- Work request -
Restate every entry verbatim; drop the pictures.

- Entries supplied -
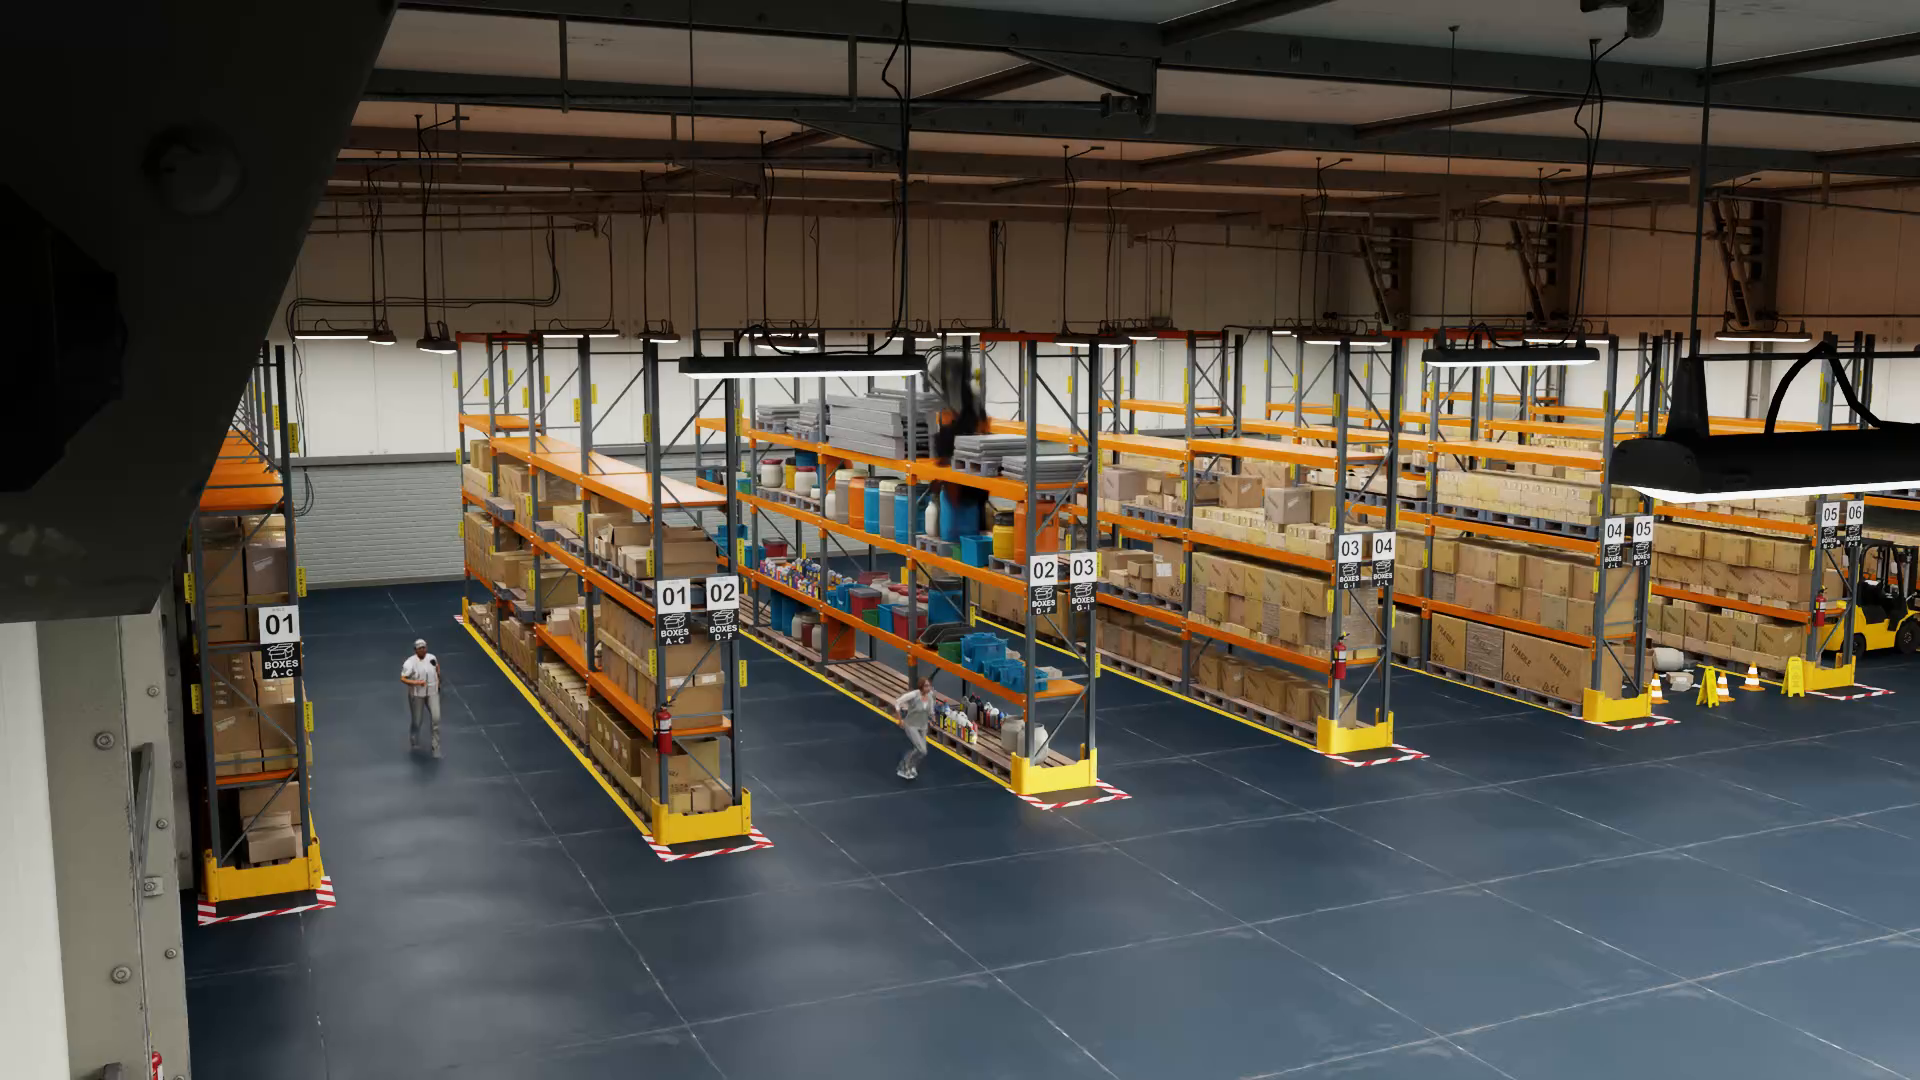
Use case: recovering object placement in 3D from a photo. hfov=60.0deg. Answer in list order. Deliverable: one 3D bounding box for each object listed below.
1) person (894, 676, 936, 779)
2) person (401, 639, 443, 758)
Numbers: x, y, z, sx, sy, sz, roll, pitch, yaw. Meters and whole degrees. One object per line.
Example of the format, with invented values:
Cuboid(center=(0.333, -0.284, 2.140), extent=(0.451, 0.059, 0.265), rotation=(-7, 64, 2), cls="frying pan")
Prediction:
Cuboid(center=(-0.597, 2.555, 22.501), extent=(0.524, 1.464, 0.730), rotation=(-7, 10, -40), cls="person")
Cuboid(center=(-7.787, 2.277, 24.108), extent=(0.609, 1.713, 0.841), rotation=(-5, 9, -32), cls="person")

- Exercise solution -
Use case: recovering object placement in 3D from a photo. hfov=60.0deg. Answer in list order. Deliverable: one 3D bounding box for each object listed below.
1) person (894, 676, 936, 779)
2) person (401, 639, 443, 758)
Numbers: x, y, z, sx, sy, sz, roll, pitch, yaw. Meters and whole degrees. One object per line.
Example of the format, with invented values:
Cuboid(center=(0.333, -0.284, 2.140), extent=(0.451, 0.059, 0.265), rotation=(-7, 64, 2), cls="frying pan")
Prediction:
Cuboid(center=(-0.597, 2.555, 22.501), extent=(0.524, 1.464, 0.730), rotation=(-7, 10, -40), cls="person")
Cuboid(center=(-7.787, 2.277, 24.108), extent=(0.609, 1.713, 0.841), rotation=(-5, 9, -32), cls="person")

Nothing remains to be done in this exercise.